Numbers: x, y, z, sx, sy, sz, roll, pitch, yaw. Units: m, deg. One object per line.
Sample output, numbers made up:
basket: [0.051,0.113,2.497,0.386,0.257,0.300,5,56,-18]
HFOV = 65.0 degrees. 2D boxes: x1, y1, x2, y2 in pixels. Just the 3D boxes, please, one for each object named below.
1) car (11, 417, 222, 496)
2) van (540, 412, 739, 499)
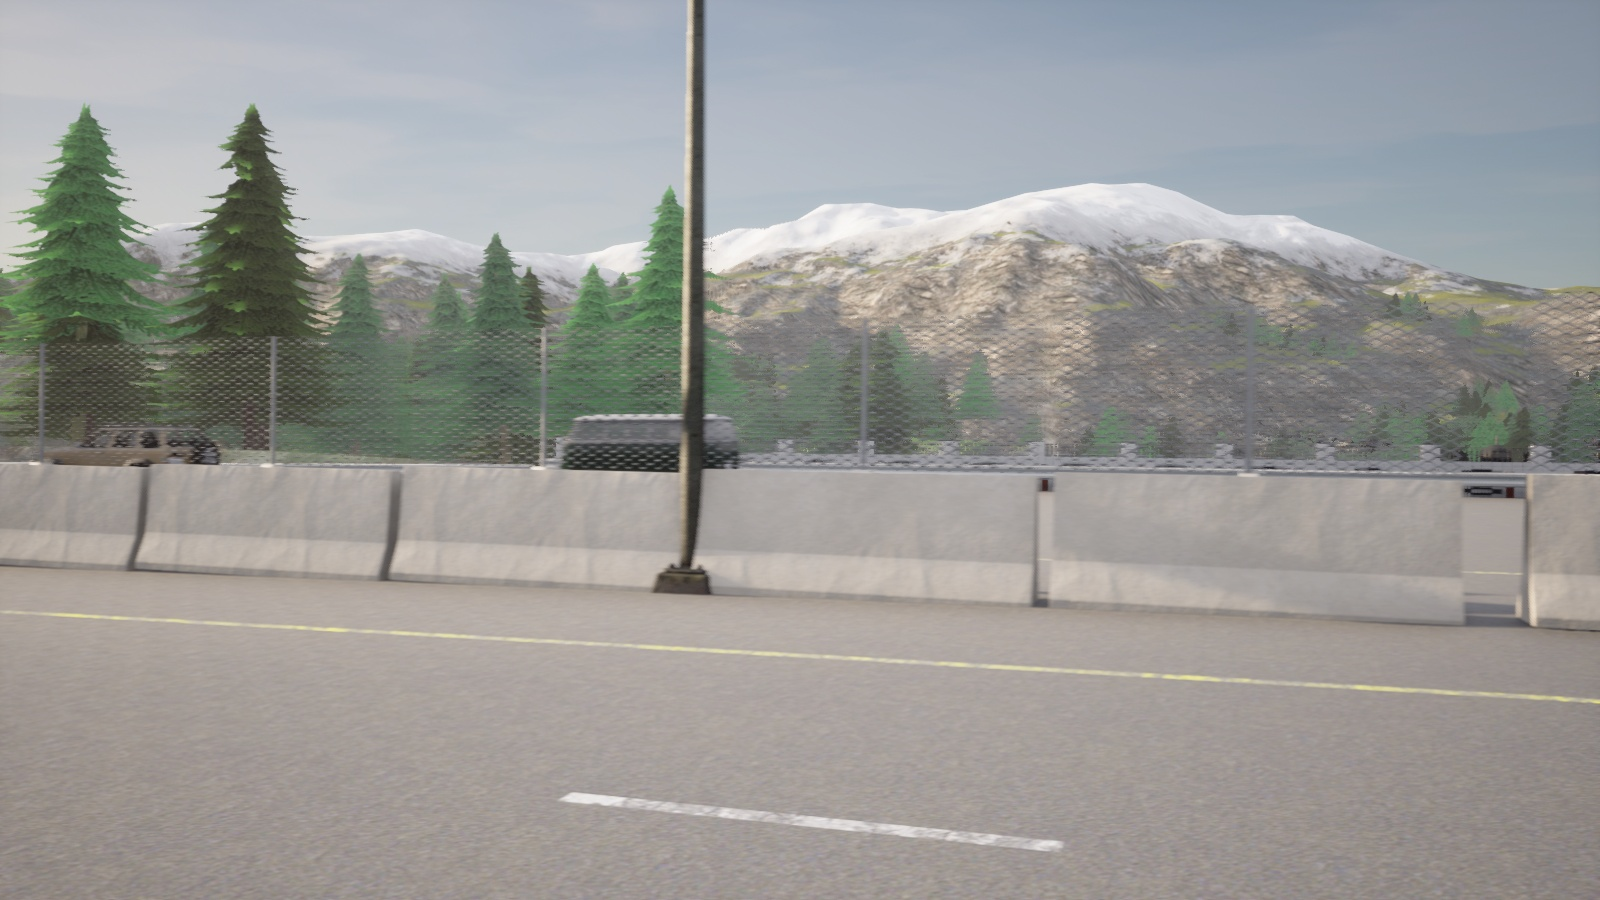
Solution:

===

> _Exercise description_
Word for word, restate each line above, minus its pictures.

> _Task output_
Numbers: x, y, z, sx, sy, sz, roll, pitch, yaw. Units: m, deg. One object per line.
Sample output, numbers made up:
basket: [0.051,0.113,2.497,0.386,0.257,0.300,5,56,-18]
HFOV = 65.0 degrees. 2D boxes: x1, y1, x2, y2 in pixels. Just the 3D boxes, please, one for each object named below.
1) car (11, 417, 222, 496)
2) van (540, 412, 739, 499)
Solution:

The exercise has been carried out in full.